It's not puzzling. Journalism was murdered because it asked Nixon too many questions. So now unless you softball interviews, you just don't get to interview anyone, so the only news orgs with content to monetize are the ones just printing Press Releases and being a backboard for "interviews".
It sure is fun how the party who screams about "personal responsibility" seems to get very upset if you ask a responsible person to explain themselves and their actions.
This comment naively believes in zero sum creation of wealth.
Wealth is not taken from our consumers and given to Sam Altman. Sam and his company are creating wealth - increasing the pie.
Of course it benefits everyone while also benefiting them.
Wealth need not be redistributed to improve lives. Just the mere invention of ChatGPT and letting people purchase it and use it is enough to improve people’s lives. Redistribution does not solve any poverty problem other than transfer power.
Sam redistributing money will not sustainably change anything about prosperity or poverty.
You're talking about normal technological developments that yes generally follow Econ 101 patterns. But AGI isn't like that. If AGI or something like it comes about it won't be a normal technology. The upside case for investors is that frontier models eliminate millions of jobs and remain controlled by a small group of owners. That's why they are investing sums unprecedented in human history. If all white collar work and an increasing amount of blue collar work is supplanted by AI how do those masses of newly unemployed folks make a living without wealth redistribution?
If AI capability plateaus and ends up as a normal technological development then I agree with you that it will mostly work out for the best. But that's not the scenario I'm worried about and plenty of folks in the industry are warning that's not the most likely path at this point.
> This comment naively believes in zero sum creation of wealth.
As long as we're in a capitalist society, wealth is certainly zero-sum.
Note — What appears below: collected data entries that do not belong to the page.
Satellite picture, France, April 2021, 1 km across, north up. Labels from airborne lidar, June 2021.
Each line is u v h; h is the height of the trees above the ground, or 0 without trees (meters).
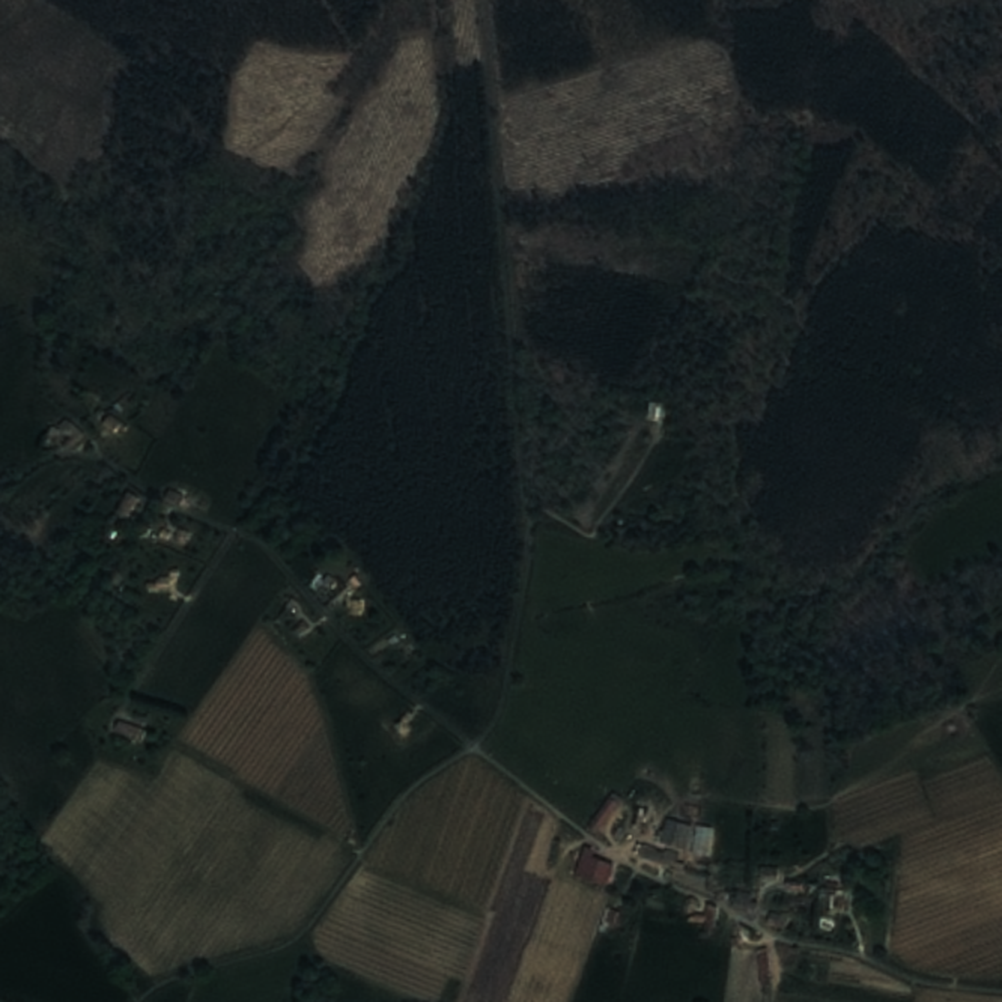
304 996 19
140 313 13
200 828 0
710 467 12
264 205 14
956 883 0
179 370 12
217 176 12
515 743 0
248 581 0
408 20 8
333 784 0
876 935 0
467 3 0
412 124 0
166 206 11
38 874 17
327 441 16
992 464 16
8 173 12
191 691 0
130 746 10
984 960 0
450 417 12
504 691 0
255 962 0
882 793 0
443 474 13
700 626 0
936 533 0
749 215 10
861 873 19
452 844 0
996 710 0
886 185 9
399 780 0
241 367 13
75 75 0
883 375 14
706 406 13
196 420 0
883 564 10
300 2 12
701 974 0
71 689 0
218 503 0
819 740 0
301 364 10
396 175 0
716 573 19
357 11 18
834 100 10
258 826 0
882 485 12
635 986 0
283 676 0
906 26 6
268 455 12
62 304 10
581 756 0
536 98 0
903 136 12
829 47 10
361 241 0
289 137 0
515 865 0
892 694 9
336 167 0
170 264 12
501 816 0
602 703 0
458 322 11
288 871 0
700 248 12
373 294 16
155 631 12
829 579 15
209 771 0
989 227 8
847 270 11
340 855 0
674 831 0
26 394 0
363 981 0
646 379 8
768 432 12
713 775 0
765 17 10
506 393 10
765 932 0
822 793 0
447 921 0
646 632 0
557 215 14
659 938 0
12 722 0
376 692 0
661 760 0
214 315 8
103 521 6
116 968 22
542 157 0
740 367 9
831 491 11
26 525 13
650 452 0
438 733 0
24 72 0
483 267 14
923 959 0
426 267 13
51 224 12
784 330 8
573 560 0
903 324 10
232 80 12
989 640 21
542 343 8
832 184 12
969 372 12
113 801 0
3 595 18
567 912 0
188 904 0
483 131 11
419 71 0
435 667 12
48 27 0
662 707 0
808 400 11
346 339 11
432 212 12
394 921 0
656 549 12
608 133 0
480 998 0
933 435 13
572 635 0
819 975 0
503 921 0
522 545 15
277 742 0
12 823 14
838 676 25
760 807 0
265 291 20
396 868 0
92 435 9
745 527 12
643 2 7
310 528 18
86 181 8
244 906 0
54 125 0
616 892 13
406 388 11
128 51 16
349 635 6
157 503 16
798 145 17
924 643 23
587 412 14
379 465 14
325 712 0
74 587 14
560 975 0
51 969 0
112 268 13
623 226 13
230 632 0
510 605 15
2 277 0
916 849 0
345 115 0
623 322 6
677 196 14
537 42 9
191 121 9
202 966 12
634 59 0
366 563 11
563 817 0
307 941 0
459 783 0
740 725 0
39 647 0
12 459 0
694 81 0
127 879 0
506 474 15
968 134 11
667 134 0
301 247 7
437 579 12
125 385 0
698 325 7
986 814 0
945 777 0
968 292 12
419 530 12
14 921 0
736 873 9
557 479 13
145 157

Every technological advancement that made jobs easier just allows corporations to increase their margins or increase the workload. If I automate some of my work and now only need to work 20 hours/week, I don't get 20 more hours/week of free time, I'm just given more work to do.
If someone gets completely automated out of their job, they don't get to relax and enjoy free time. They have to find a new job to pay the bills. With more and more people getting automated out of a job, UBI will become a necessity. We will need to increase taxes on corporations to fund it.
So far prices have generally gone up, which indicates the pie available is scarcer.
I am looking forward to the day where more electricity, electronics, food, and housing are produced thanks to AI; but in the mid-term it feels like an AI bubble pop would do more to bring the price back down.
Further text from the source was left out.